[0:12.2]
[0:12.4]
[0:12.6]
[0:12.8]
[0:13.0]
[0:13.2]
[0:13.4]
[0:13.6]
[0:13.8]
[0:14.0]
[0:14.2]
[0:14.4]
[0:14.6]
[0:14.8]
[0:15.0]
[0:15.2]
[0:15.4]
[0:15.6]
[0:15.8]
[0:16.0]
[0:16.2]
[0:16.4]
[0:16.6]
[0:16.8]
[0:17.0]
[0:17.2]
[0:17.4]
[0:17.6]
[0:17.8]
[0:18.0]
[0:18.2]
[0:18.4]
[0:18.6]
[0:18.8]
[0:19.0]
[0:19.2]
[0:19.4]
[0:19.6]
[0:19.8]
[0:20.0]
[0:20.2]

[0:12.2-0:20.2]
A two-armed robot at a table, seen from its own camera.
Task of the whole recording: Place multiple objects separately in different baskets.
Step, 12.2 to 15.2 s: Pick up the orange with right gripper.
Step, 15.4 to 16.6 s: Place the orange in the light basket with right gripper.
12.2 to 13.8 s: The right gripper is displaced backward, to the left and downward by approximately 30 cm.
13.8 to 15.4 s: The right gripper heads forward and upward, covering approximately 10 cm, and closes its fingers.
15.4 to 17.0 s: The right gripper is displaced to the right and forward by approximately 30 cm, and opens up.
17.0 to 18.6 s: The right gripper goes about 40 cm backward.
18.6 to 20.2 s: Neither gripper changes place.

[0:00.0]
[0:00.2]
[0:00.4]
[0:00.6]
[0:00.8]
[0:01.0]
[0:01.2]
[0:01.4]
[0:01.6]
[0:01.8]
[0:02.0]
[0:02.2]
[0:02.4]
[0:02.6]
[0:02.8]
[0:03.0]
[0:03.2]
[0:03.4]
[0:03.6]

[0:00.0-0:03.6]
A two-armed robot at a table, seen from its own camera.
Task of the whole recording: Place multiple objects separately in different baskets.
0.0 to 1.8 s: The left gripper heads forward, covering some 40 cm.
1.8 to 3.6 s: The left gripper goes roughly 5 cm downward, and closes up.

**Task prompt:** Write down every line of the data exactly as it appears above.

**Result of this task:**
[0:12.2]
[0:12.4]
[0:12.6]
[0:12.8]
[0:13.0]
[0:13.2]
[0:13.4]
[0:13.6]
[0:13.8]
[0:14.0]
[0:14.2]
[0:14.4]
[0:14.6]
[0:14.8]
[0:15.0]
[0:15.2]
[0:15.4]
[0:15.6]
[0:15.8]
[0:16.0]
[0:16.2]
[0:16.4]
[0:16.6]
[0:16.8]
[0:17.0]
[0:17.2]
[0:17.4]
[0:17.6]
[0:17.8]
[0:18.0]
[0:18.2]
[0:18.4]
[0:18.6]
[0:18.8]
[0:19.0]
[0:19.2]
[0:19.4]
[0:19.6]
[0:19.8]
[0:20.0]
[0:20.2]

[0:12.2-0:20.2]
A two-armed robot at a table, seen from its own camera.
Task of the whole recording: Place multiple objects separately in different baskets.
Step, 12.2 to 15.2 s: Pick up the orange with right gripper.
Step, 15.4 to 16.6 s: Place the orange in the light basket with right gripper.
12.2 to 13.8 s: The right gripper is displaced backward, to the left and downward by approximately 30 cm.
13.8 to 15.4 s: The right gripper heads forward and upward, covering approximately 10 cm, and closes its fingers.
15.4 to 17.0 s: The right gripper is displaced to the right and forward by approximately 30 cm, and opens up.
17.0 to 18.6 s: The right gripper goes about 40 cm backward.
18.6 to 20.2 s: Neither gripper changes place.

[0:00.0]
[0:00.2]
[0:00.4]
[0:00.6]
[0:00.8]
[0:01.0]
[0:01.2]
[0:01.4]
[0:01.6]
[0:01.8]
[0:02.0]
[0:02.2]
[0:02.4]
[0:02.6]
[0:02.8]
[0:03.0]
[0:03.2]
[0:03.4]
[0:03.6]

[0:00.0-0:03.6]
A two-armed robot at a table, seen from its own camera.
Task of the whole recording: Place multiple objects separately in different baskets.
0.0 to 1.8 s: The left gripper heads forward, covering some 40 cm.
1.8 to 3.6 s: The left gripper goes roughly 5 cm downward, and closes up.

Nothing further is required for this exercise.